» DIRECTIONS FOR THIS TASK: Check each line of the data, and copy those where "cuboid" appears.

» SOURCE MATERIAL:
++++++

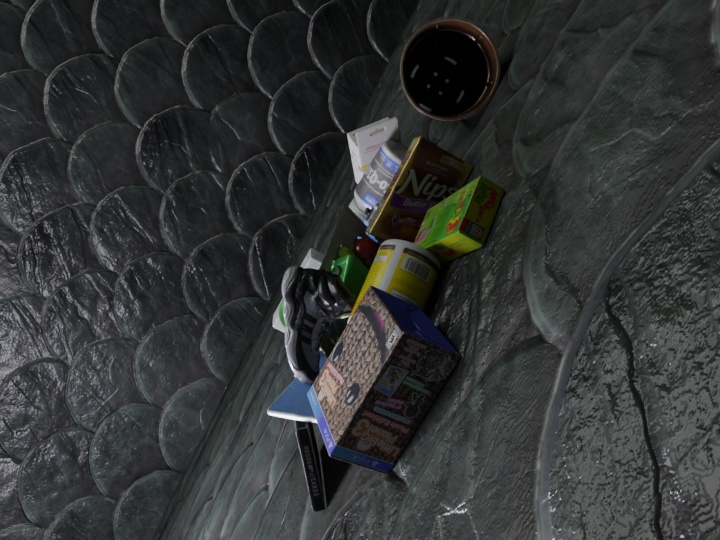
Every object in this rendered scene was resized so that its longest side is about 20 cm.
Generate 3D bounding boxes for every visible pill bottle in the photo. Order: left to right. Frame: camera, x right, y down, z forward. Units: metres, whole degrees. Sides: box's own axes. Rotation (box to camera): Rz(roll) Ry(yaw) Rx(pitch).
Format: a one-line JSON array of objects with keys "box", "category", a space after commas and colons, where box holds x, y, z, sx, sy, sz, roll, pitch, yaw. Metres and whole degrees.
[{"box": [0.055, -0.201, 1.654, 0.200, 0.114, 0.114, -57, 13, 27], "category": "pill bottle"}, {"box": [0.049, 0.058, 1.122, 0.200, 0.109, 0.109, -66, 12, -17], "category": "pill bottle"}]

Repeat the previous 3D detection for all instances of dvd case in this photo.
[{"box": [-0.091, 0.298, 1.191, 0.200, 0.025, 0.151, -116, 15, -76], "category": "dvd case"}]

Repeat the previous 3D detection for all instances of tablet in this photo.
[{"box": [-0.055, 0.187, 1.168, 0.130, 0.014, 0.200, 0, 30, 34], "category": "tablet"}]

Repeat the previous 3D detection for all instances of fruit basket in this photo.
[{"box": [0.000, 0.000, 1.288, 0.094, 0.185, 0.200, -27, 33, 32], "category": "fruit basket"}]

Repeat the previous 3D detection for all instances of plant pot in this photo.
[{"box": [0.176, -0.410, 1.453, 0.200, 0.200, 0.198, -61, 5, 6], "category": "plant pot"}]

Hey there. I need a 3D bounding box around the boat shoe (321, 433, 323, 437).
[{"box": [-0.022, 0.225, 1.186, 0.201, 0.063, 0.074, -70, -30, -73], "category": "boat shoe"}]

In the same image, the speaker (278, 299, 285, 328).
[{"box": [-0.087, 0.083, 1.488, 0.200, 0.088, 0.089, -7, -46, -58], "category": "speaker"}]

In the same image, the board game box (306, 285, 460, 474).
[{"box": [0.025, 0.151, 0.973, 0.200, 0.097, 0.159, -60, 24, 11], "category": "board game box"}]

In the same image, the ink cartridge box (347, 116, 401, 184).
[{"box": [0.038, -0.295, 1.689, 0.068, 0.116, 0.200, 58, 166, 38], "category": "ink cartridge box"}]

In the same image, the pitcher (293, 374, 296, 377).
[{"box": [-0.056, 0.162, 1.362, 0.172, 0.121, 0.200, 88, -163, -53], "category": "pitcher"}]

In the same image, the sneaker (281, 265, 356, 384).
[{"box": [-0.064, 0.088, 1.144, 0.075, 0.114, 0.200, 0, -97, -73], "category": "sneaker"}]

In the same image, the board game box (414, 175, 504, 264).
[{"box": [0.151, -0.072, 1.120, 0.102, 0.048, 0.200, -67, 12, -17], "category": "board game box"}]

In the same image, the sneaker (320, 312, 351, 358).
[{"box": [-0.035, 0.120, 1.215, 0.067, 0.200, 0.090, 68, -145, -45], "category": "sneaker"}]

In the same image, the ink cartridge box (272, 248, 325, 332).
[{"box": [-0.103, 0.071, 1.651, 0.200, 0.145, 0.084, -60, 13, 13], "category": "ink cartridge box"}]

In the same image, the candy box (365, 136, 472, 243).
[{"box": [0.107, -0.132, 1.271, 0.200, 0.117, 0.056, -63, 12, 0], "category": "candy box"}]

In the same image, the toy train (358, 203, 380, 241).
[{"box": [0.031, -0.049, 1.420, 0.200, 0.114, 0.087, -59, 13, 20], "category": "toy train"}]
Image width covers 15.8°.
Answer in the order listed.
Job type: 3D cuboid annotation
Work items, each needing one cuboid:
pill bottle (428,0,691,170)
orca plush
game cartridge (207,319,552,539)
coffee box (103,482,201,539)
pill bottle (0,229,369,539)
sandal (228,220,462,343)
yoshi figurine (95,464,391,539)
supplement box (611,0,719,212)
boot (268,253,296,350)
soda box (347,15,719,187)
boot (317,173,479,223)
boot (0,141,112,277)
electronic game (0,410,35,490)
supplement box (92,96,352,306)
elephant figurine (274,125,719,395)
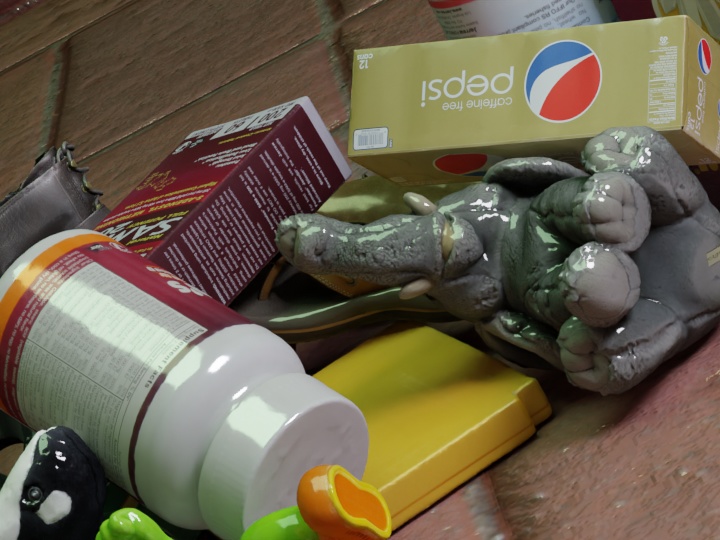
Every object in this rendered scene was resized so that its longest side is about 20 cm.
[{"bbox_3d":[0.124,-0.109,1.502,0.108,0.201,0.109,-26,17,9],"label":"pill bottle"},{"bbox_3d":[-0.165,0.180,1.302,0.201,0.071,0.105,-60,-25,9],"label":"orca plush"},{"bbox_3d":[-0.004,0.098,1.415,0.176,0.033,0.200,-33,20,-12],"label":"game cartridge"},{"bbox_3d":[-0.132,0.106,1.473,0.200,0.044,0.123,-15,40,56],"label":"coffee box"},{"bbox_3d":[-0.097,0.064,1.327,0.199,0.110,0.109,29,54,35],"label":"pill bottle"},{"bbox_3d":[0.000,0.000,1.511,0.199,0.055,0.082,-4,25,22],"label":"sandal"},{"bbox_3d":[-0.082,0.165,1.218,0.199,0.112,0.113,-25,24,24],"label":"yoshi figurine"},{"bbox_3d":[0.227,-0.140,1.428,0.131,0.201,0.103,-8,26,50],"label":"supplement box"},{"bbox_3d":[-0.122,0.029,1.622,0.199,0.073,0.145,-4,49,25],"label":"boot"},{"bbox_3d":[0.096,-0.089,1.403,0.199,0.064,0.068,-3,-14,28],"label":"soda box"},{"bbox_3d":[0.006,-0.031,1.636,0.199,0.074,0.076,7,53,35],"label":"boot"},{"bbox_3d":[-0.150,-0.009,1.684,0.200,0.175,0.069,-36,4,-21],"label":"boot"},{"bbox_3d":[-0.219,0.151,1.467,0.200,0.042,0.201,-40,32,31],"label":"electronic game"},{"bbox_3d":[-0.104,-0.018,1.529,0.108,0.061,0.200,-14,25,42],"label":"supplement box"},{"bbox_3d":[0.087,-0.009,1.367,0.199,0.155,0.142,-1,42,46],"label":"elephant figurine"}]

++++++

» COMPLETED TASK:
Job type: 3D cuboid annotation
Work items, each needing one cuboid:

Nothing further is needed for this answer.